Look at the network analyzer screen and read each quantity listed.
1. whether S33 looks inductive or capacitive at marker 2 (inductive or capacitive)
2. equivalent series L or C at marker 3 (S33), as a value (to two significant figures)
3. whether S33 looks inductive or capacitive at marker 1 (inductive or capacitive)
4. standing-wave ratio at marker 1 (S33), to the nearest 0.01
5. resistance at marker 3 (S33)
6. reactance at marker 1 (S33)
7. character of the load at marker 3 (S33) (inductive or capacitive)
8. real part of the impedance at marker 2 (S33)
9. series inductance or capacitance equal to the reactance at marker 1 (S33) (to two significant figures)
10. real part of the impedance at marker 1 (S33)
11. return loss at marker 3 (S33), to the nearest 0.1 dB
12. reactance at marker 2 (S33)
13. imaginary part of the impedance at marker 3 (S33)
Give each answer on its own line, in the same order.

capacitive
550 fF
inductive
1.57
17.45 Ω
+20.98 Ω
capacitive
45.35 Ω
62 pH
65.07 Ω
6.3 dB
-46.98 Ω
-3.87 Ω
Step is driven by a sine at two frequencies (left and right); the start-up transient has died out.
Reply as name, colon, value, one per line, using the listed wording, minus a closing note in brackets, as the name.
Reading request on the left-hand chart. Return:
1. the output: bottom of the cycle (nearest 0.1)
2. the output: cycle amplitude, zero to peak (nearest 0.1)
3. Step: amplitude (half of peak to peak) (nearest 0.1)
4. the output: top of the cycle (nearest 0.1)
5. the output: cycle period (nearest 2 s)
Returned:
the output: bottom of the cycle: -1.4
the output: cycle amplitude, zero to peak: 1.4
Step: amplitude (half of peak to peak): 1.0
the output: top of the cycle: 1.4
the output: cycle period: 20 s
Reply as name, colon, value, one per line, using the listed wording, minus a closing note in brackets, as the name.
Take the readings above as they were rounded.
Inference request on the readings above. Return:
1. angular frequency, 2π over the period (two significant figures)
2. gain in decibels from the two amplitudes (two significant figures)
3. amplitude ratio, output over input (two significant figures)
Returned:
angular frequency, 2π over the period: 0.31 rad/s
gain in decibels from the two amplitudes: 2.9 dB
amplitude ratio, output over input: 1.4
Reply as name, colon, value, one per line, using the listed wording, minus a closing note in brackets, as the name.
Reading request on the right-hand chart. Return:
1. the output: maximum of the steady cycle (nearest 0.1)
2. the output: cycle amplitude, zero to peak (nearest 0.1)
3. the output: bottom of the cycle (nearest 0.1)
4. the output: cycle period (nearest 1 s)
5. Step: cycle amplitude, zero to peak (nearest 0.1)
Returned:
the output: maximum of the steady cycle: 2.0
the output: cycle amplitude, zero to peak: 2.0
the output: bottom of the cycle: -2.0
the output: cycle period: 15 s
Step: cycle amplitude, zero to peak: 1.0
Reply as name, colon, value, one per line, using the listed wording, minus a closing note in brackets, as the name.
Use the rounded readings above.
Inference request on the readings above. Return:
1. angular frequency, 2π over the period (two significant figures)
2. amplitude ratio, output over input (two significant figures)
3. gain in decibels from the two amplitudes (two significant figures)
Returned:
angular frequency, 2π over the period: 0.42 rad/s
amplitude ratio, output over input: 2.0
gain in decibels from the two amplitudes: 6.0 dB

══════

Please return all of the records exactly as they appear.

:: OUTPUT OF THE TASK ::
Look at the network analyzer screen and read each quantity listed.
1. whether S33 looks inductive or capacitive at marker 2 (inductive or capacitive)
2. equivalent series L or C at marker 3 (S33), as a value (to two significant figures)
3. whether S33 looks inductive or capacitive at marker 1 (inductive or capacitive)
4. standing-wave ratio at marker 1 (S33), to the nearest 0.01
5. resistance at marker 3 (S33)
6. reactance at marker 1 (S33)
7. character of the load at marker 3 (S33) (inductive or capacitive)
8. real part of the impedance at marker 2 (S33)
9. series inductance or capacitance equal to the reactance at marker 1 (S33) (to two significant figures)
10. real part of the impedance at marker 1 (S33)
11. return loss at marker 3 (S33), to the nearest 0.1 dB
12. reactance at marker 2 (S33)
13. imaginary part of the impedance at marker 3 (S33)
Give each answer on its own line, in the same order.

capacitive
550 fF
inductive
1.57
17.45 Ω
+20.98 Ω
capacitive
45.35 Ω
62 pH
65.07 Ω
6.3 dB
-46.98 Ω
-3.87 Ω
Step is driven by a sine at two frequencies (left and right); the start-up transient has died out.
Reply as name, colon, value, one per line, using the listed wording, minus a closing note in brackets, as the name.
Reading request on the left-hand chart. Return:
1. the output: bottom of the cycle (nearest 0.1)
2. the output: cycle amplitude, zero to peak (nearest 0.1)
3. Step: amplitude (half of peak to peak) (nearest 0.1)
4. the output: top of the cycle (nearest 0.1)
5. the output: cycle period (nearest 2 s)
Returned:
the output: bottom of the cycle: -1.4
the output: cycle amplitude, zero to peak: 1.4
Step: amplitude (half of peak to peak): 1.0
the output: top of the cycle: 1.4
the output: cycle period: 20 s
Reply as name, colon, value, one per line, using the listed wording, minus a closing note in brackets, as the name.
Take the readings above as they were rounded.
Inference request on the readings above. Return:
1. angular frequency, 2π over the period (two significant figures)
2. gain in decibels from the two amplitudes (two significant figures)
3. amplitude ratio, output over input (two significant figures)
Returned:
angular frequency, 2π over the period: 0.31 rad/s
gain in decibels from the two amplitudes: 2.9 dB
amplitude ratio, output over input: 1.4
Reply as name, colon, value, one per line, using the listed wording, minus a closing note in brackets, as the name.
Reading request on the right-hand chart. Return:
1. the output: maximum of the steady cycle (nearest 0.1)
2. the output: cycle amplitude, zero to peak (nearest 0.1)
3. the output: bottom of the cycle (nearest 0.1)
4. the output: cycle period (nearest 1 s)
5. Step: cycle amplitude, zero to peak (nearest 0.1)
Returned:
the output: maximum of the steady cycle: 2.0
the output: cycle amplitude, zero to peak: 2.0
the output: bottom of the cycle: -2.0
the output: cycle period: 15 s
Step: cycle amplitude, zero to peak: 1.0
Reply as name, colon, value, one per line, using the listed wording, minus a closing note in brackets, as the name.
Use the rounded readings above.
Inference request on the readings above. Return:
1. angular frequency, 2π over the period (two significant figures)
2. amplitude ratio, output over input (two significant figures)
3. gain in decibels from the two amplitudes (two significant figures)
Returned:
angular frequency, 2π over the period: 0.42 rad/s
amplitude ratio, output over input: 2.0
gain in decibels from the two amplitudes: 6.0 dB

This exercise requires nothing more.